Sunday, June 10, 2007

No Joy of Autism, A Mother Tells of Daily Life With Autism

Sigourney Weaver may be looking for her "inner" autism. Parents of autistic children do not always have that luxury and most would not seek to find their "inner" autism or any other autism if they had a choice. But we do not have any such choice.

As parents, we know first hand the truth about autism. We experience the reality every minute of every day. We do not have to go searching for autism as some type of flaky Hollywood enlightenment trip. Autism has knocked on our doors, it has knocked our doors down and it has taken much of what we hope for in our children. We love our children dearly. That is why we feel the realities of autism so deeply. Our autistic children do not experience life fully the way Ms. Weaver does. She can hang out with some high functioning autistic adults and experience her inner autism with them. As parents we have to live with, and help, our children overcome their serious challenges to the best of our abilities and try not to think constantly about what will become of them when we are gone.

Denise Pavone-Brooks is not a flaky Hollywood actress but she is the mother of an autistic child and she has plenty to say about the reality of autism. Maybe Sigourney Weaver could take time from searching for her "inner" autism to read and think about what this mother has to say:

The Emotion of Autism

Daily life with an Autistic Child.

by Denise Pavone-Brooks
June 9, 2007 12:54 pm ET


As a young and ignorant mother, I feared autism. I thought, as most of us do (or hopefully, did), that it involved a child totally consumed in his own world that spent his day rocking back and forth. It wasn't until my verbal and affectionate three-year-old son was diagnosed that I realized how wrong I was.

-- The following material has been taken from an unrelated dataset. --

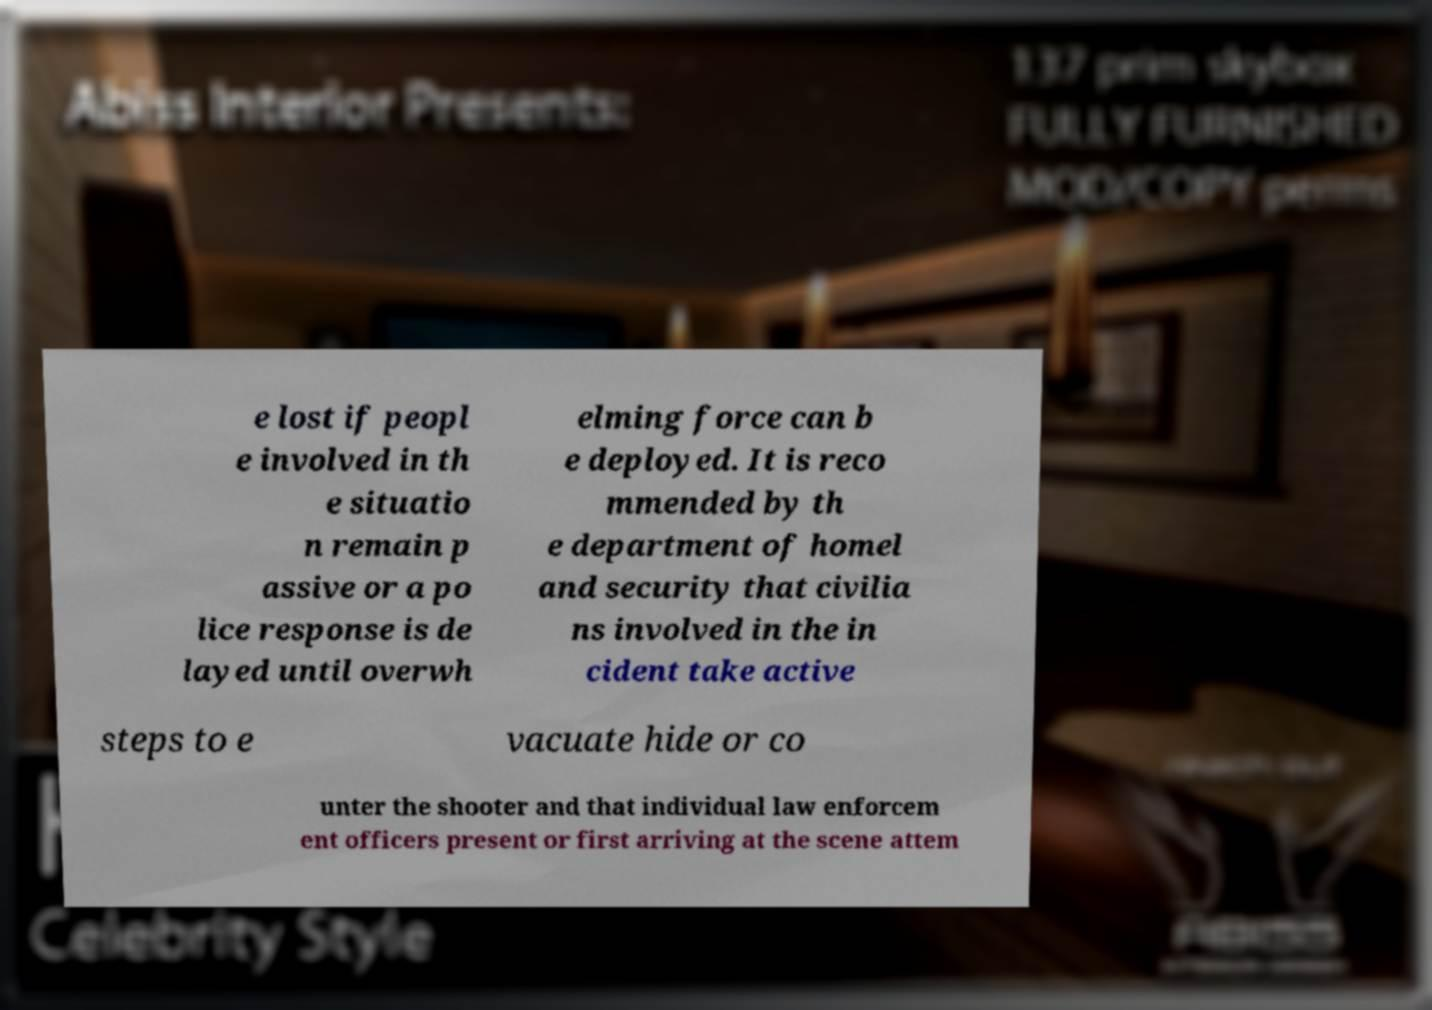Could you extract and type out the text from this image? e lost if peopl e involved in th e situatio n remain p assive or a po lice response is de layed until overwh elming force can b e deployed. It is reco mmended by th e department of homel and security that civilia ns involved in the in cident take active steps to e vacuate hide or co unter the shooter and that individual law enforcem ent officers present or first arriving at the scene attem

However, there is still reason to fear autism. There's no cure. And since no one dies from it, the search for a cure or even an effective treatment has been painstakingly slow. Autism is horrible. It has robbed my son of all the things a child should have - soccer games, birthday parties, academic achievements - You get the idea. It broke apart my family. His older sisters will probably have to care for him after his parents die.
Last week, my old handsome son (now ten years old) exhibited "mal-adaptive" behaviors, which resulted in gifting me with the pleasurable sensation of two bites, several head butts, kicks, slaps and hair-pulling. One bite was through the skin, so I had to get a tetanus shot. I refused to go to the doctor until I was certain the bite would not be reported to the authorities.

There are happy times, but probably not what you'd expect. For instance, he loves to play with ribbon or anything long that he can pull through his fingers. He likes to bring his ribbon (which he calls "string") with him when we go places. Most kids grab a teddy bear – my kid is cuddling a messy ball of ribbon. He also loves water – either being in it or watching its movement – it doesn't matter. I've wondered if he shouldn't have been a fish. He likes animated movies, and will watch his favorite scenes over and over again (damn that rewind button!). But the coup de grace is French fries. No one is allowed to say the "F" word around him unless we KNOW we are going to get French fries! In fact, on his birthday, I put the candle in his French fries instead of in a cake.

One of my most tender experiences occurred a few months ago, when he had learned how to tie his shoes by himself. In the beginning of my weekly women's church meeting, we have an opportunity to share any good news with our sisters. Impulsively, I raised my hand and announced, "My nine year old autistic son learned how to tie his shoes." A chorus of happy gasps and wild applause filled the air. Still brings tears to my eyes when I think of it.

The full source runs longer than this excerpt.